• [AIM OF THE EXERCISE]: Only one stretch of the data below is needed. Output the lines from the one with "Next target: the small box [759,678,869,782]." up to and including the one with "Numbers: x, y, z, sx, sy, sz, roll, pitch, yaw.", exactly as they stand.
|---|
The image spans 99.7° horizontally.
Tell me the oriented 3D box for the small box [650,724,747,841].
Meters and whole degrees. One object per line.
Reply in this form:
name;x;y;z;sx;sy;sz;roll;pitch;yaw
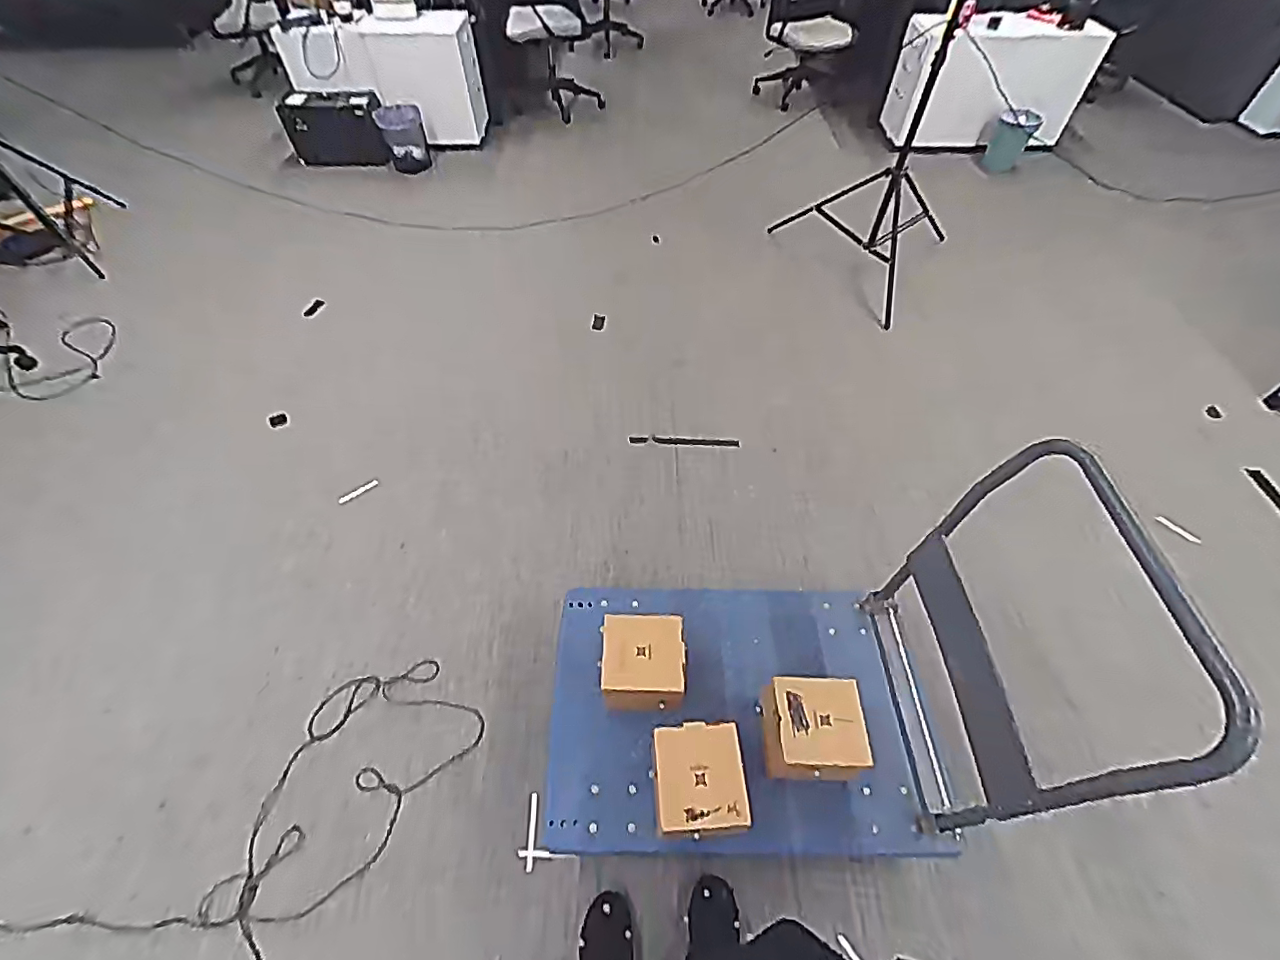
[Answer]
small box;0.108;0.608;1.086;0.168;0.176;0.179;-2;51;-3

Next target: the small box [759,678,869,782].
small box;0.355;0.533;1.146;0.179;0.176;0.168;3;52;0

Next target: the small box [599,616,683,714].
small box;0.002;0.422;1.226;0.179;0.176;0.168;1;52;0
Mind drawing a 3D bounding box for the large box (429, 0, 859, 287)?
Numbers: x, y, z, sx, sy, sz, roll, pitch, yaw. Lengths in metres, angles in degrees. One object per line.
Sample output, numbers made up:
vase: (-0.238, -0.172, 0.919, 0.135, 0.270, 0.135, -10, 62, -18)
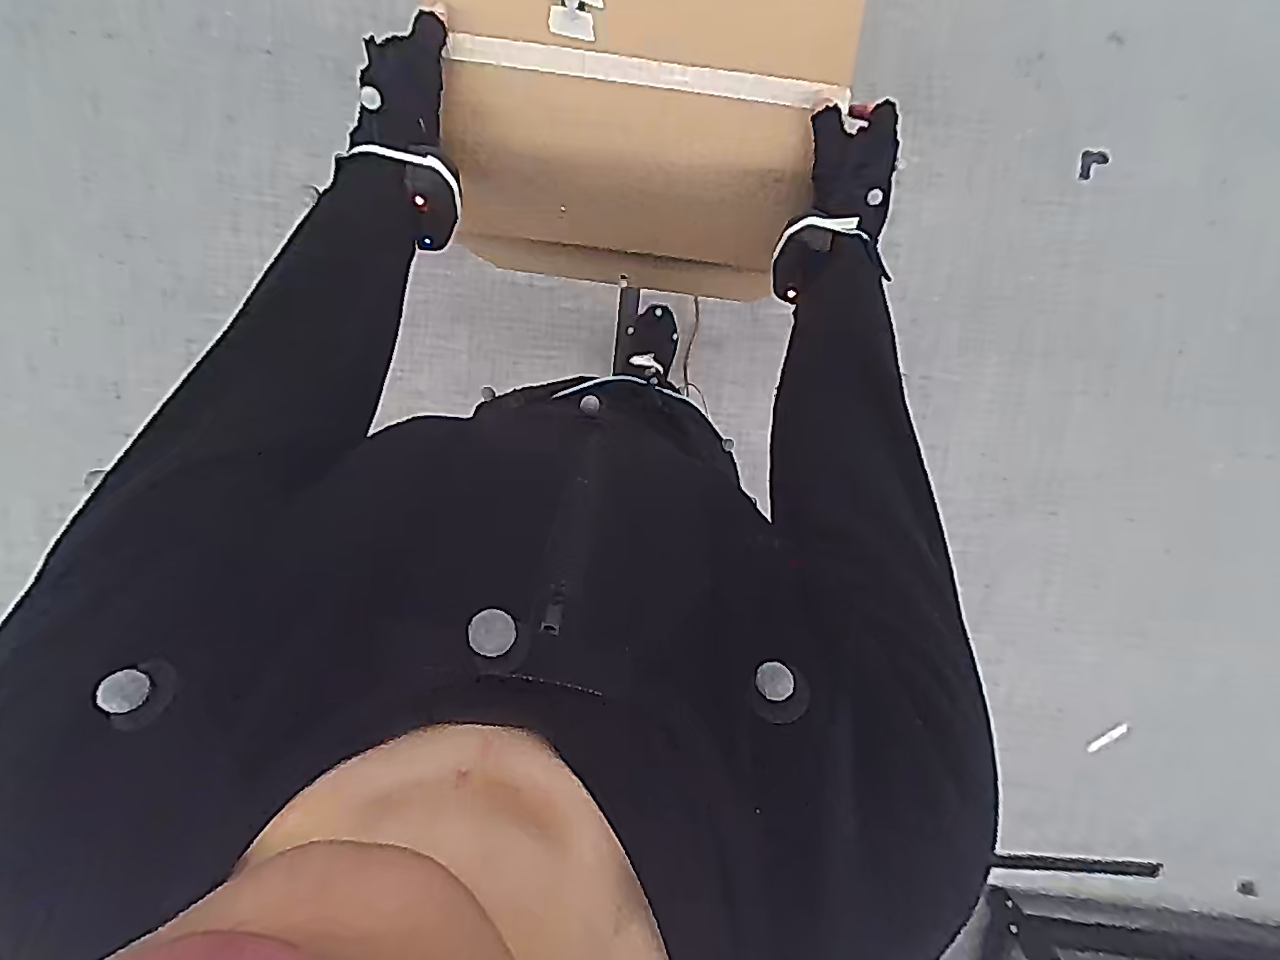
|---|
• [EXERCISE RESULT]:
Next target: the small box [759,678,869,782].
small box;0.355;0.533;1.146;0.179;0.176;0.168;3;52;0

Next target: the small box [599,616,683,714].
small box;0.002;0.422;1.226;0.179;0.176;0.168;1;52;0
Mind drawing a 3D bounding box for the large box (429, 0, 859, 287)?
Numbers: x, y, z, sx, sy, sz, roll, pitch, yaw. Lengths in metres, angles in degrees. One object per line.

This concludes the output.